In [68]:
import re

## Literal Characters

- The most basic regular expression consists of a __single literal__ character, such as $a$. 
- It matches the first occurrence of that character in the string. 
- If the string is __Jack is a boy__, it matches the __a__ after the __J__. 
- The fact that this __a__ is in the middle of the word does not matter to the regex engine. 
    - we can tell that to the regex engine by using __word boundaries__. 

- This regex can match the second __a__ too. It only does so when we tell the regex engine to start searching through the string after the first match.
    
Similarly, the regex __cat__ matches __cat__ in __About cats and dogs__. 

- This regular expression consists of a series of 3 literal characters. This is like saying to the regex engine: find a __c__, immediately followed by an __a__, immediately followed by a __t__.

Note that regex engines are __case sensitive__ by default. unless we tell the regex engine to ignore differences in case.

## Special Characters

- Because we want to do more than __simply search__ for literal pieces of text, we need to __reserve certain characters for special use__. 

- there are 12 characters with special meanings: 

    - the backslash \
    - the caret ^
    - the dollar sign 
    - the period or dot .
    - the vertical bar or pipe symbol |
    - the question mark ?
    - the asterisk or star *
    - the plus sign +
    - the opening parenthesis (
    - the closing parenthesis )
    - the opening square bracket [
    - and the opening curly brace { 
    
These special characters are often called “metacharacters”. Most of them are errors when used alone.
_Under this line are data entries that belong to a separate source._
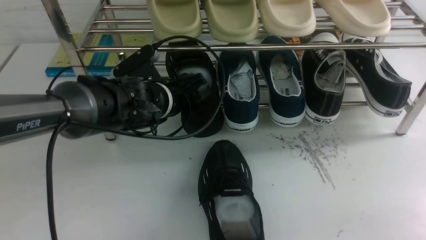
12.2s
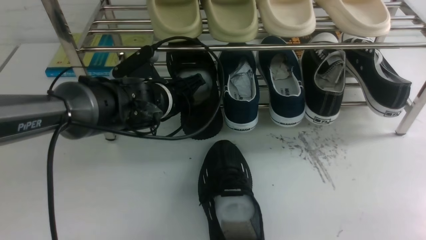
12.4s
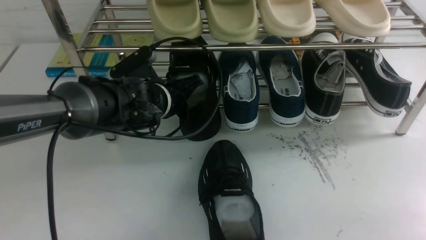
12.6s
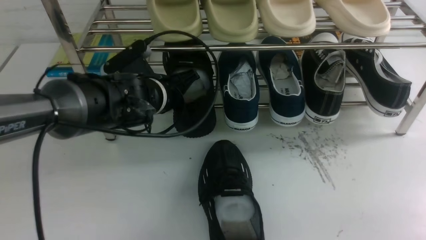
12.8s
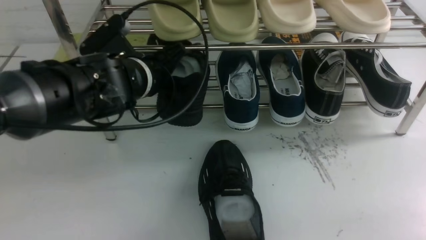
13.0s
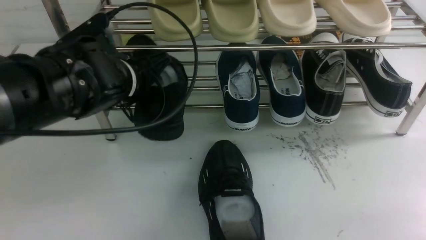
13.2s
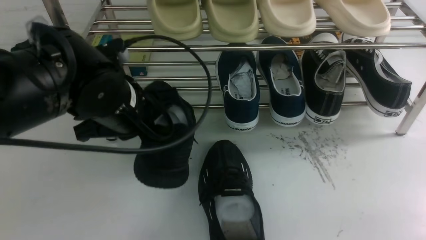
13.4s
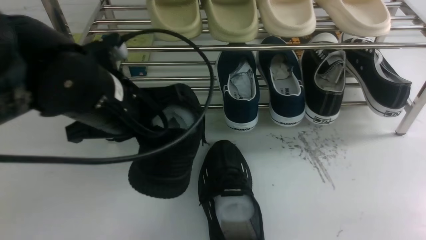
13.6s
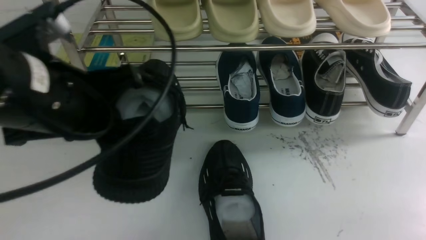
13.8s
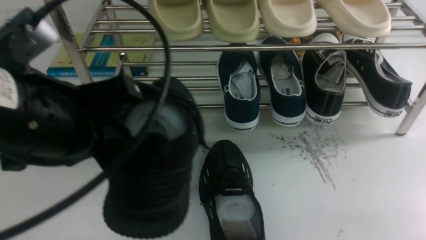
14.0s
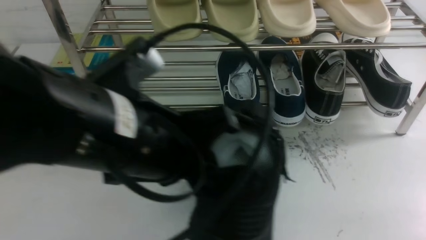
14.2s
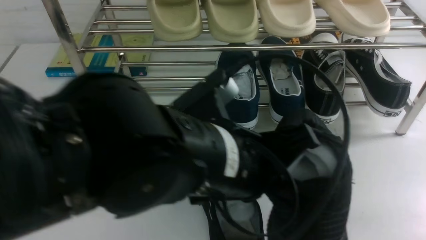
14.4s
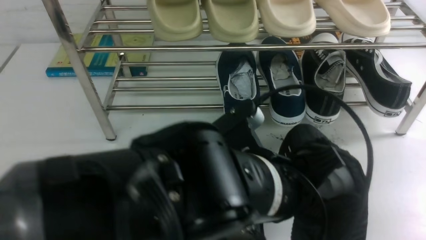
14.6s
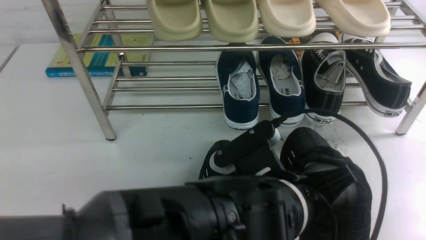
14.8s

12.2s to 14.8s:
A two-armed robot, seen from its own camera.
12.2s to 13.4s: The left gripper moves upward and backward, approximately 10 cm, and closes its fingers.
13.4s to 14.8s: The left gripper heads to the right and backward, covering some 20 cm.
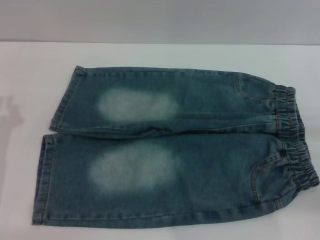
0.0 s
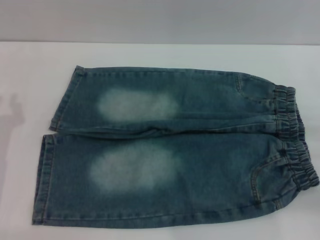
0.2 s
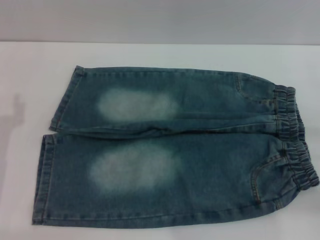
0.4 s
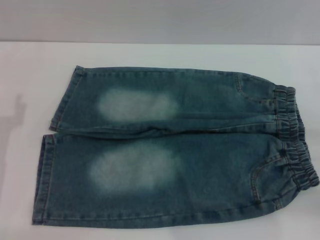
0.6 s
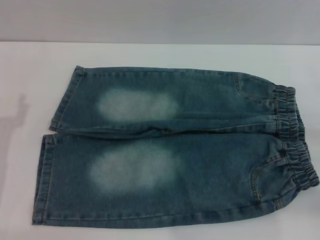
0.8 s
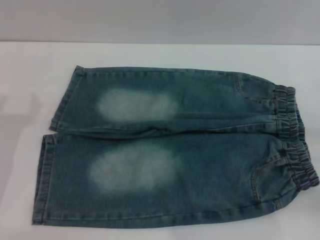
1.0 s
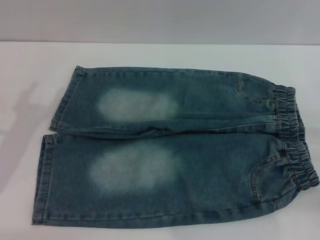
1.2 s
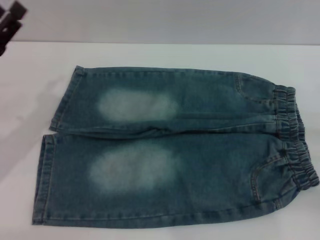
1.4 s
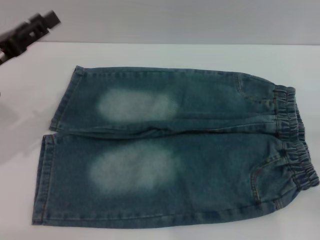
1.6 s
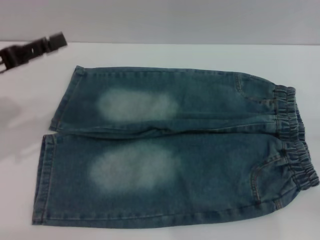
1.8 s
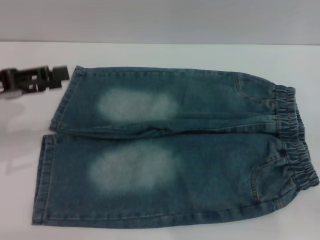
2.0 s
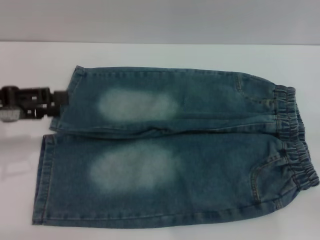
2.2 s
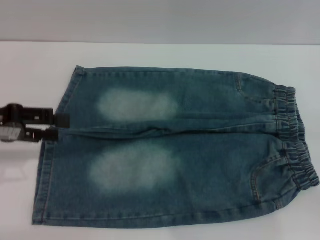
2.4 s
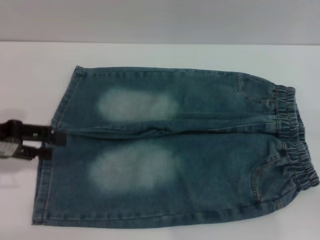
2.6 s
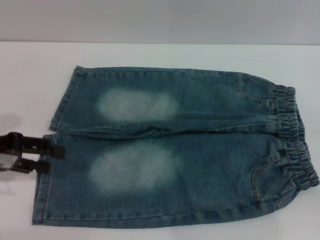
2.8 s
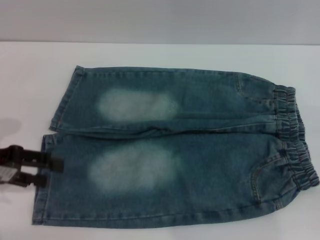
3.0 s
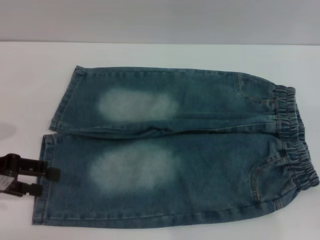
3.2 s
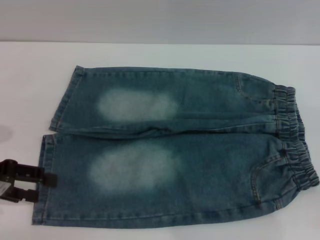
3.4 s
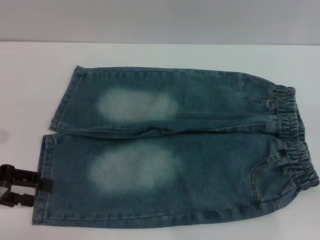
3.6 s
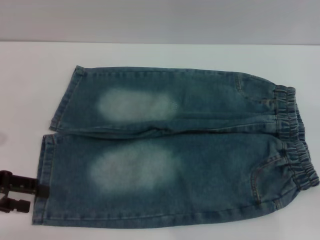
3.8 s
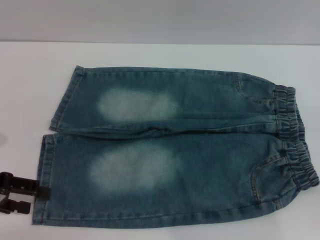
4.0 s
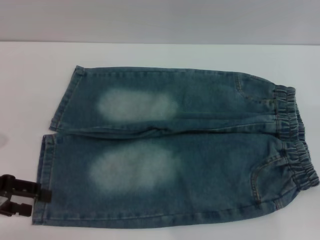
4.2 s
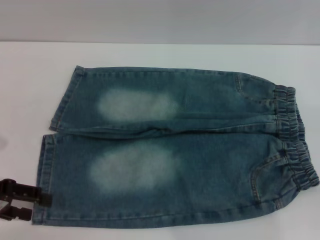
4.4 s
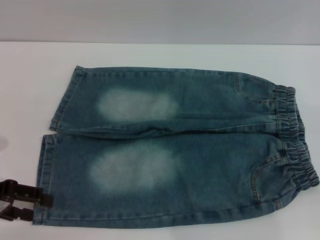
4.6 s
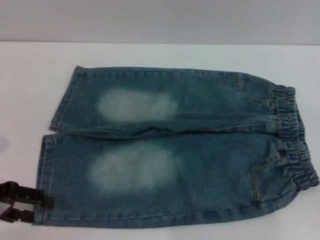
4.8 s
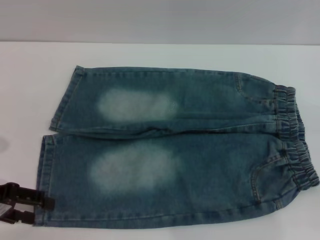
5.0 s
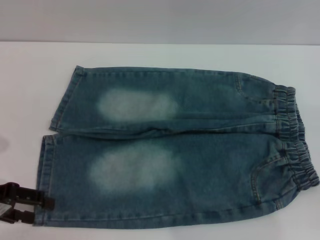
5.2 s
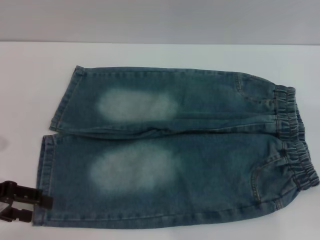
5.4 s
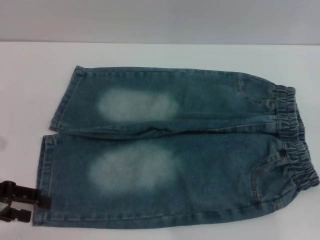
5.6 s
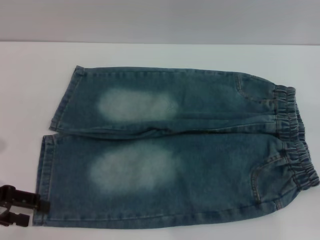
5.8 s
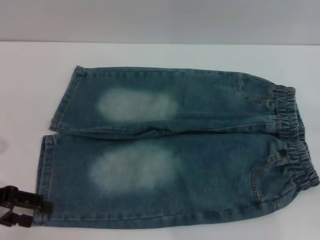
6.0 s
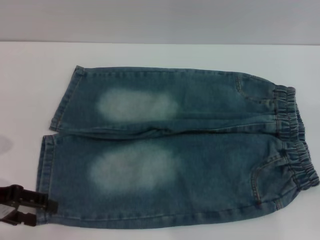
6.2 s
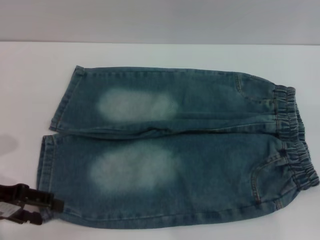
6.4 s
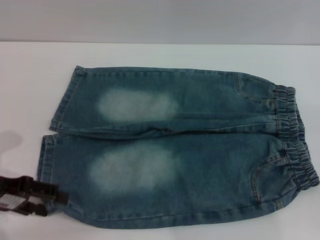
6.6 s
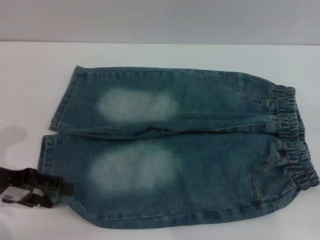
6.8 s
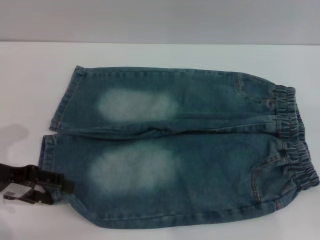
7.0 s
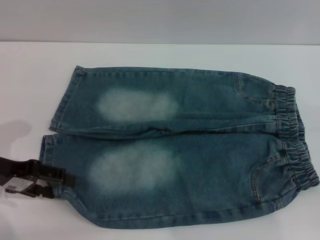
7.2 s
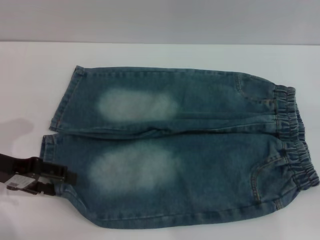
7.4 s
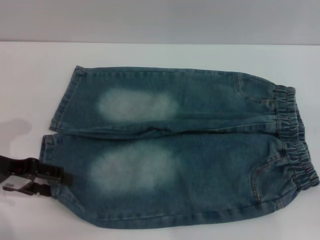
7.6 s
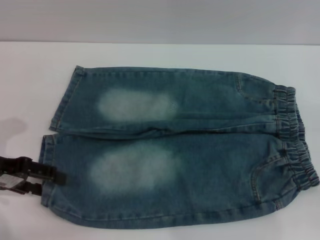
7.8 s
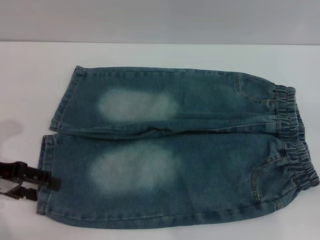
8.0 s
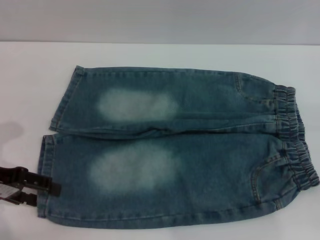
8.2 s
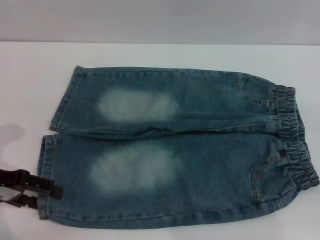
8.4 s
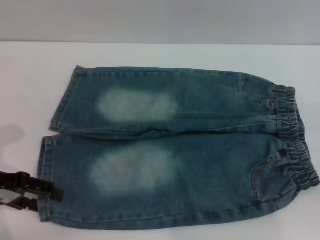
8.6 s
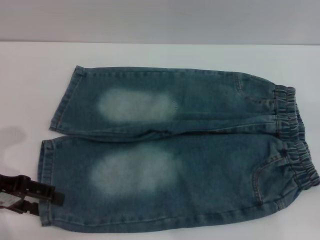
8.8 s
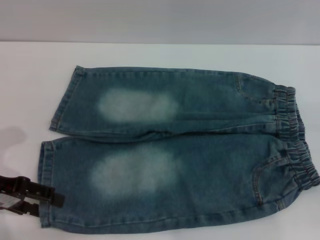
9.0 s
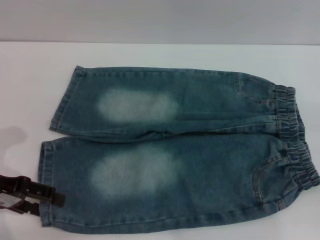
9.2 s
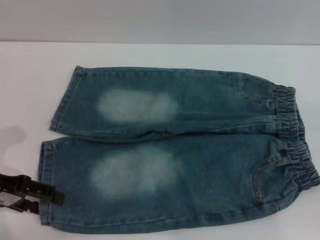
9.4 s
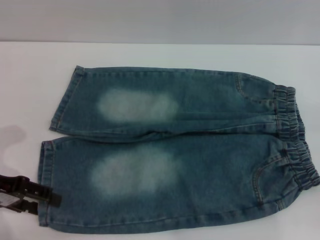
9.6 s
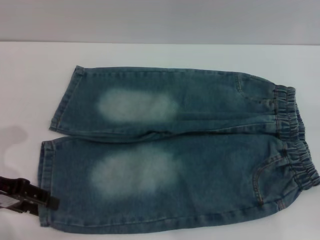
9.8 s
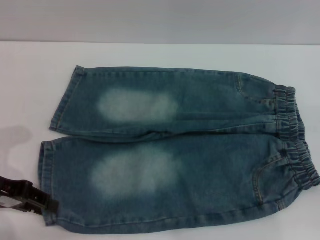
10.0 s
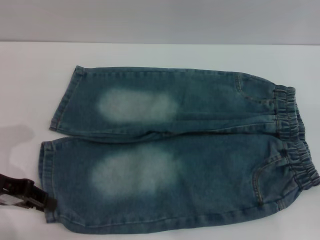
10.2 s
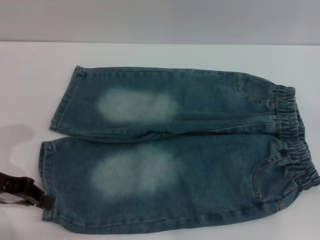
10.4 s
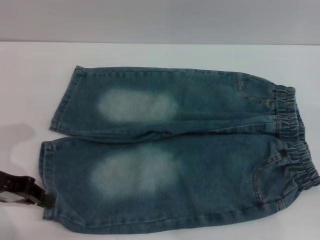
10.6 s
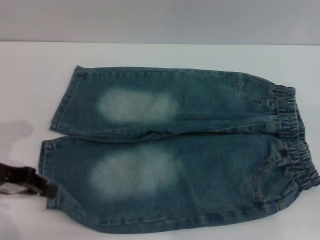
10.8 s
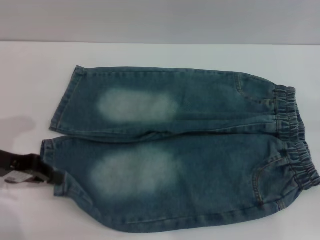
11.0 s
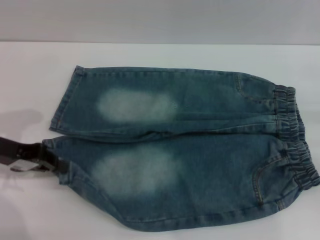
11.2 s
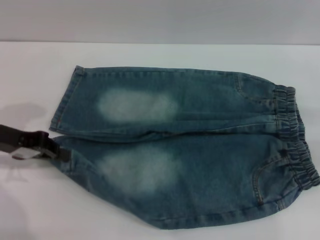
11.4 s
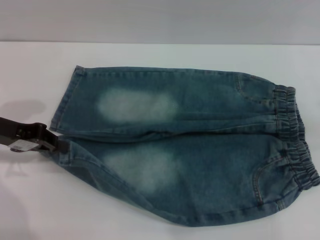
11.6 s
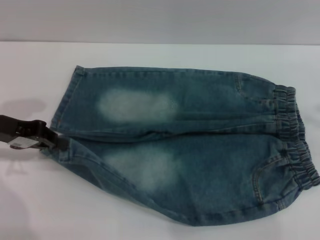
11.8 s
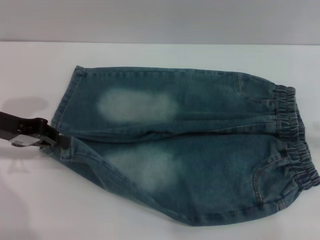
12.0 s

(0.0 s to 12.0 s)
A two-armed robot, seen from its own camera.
0.0 s - 1.6 s: The left gripper heads forward and upward, covering about 10 cm, and opens its fingers.
3.0 s - 4.4 s: There are only small adjustments of the grippers.
4.4 s - 6.0 s: Both grippers stay put.
6.0 s - 9.0 s: The grippers make only small movements.
9.0 s - 10.4 s: The left gripper closes up.
10.4 s - 12.0 s: The right gripper goes about 20 cm upward and forward; the left gripper shifts by about 5 cm.

- escape with \ if we want to use the above as literal char. 
    - to match __1+1=2__, the correct regex is __1\\+1=2__. 

## How a Regex Engine Works Internally

- When applying a __regex__ to a string, the engine starts at the first character of the string. It tries all possible permutations of the regular expression at the __first character__. 

- Only if all possibilities have been tried and found to __fail__, does the engine continue with the __second character__ in the text. 

- Again, it tries all possible permutations of the regex, in exactly the same order. 

- The result is that the regex engine returns the __leftmost match__.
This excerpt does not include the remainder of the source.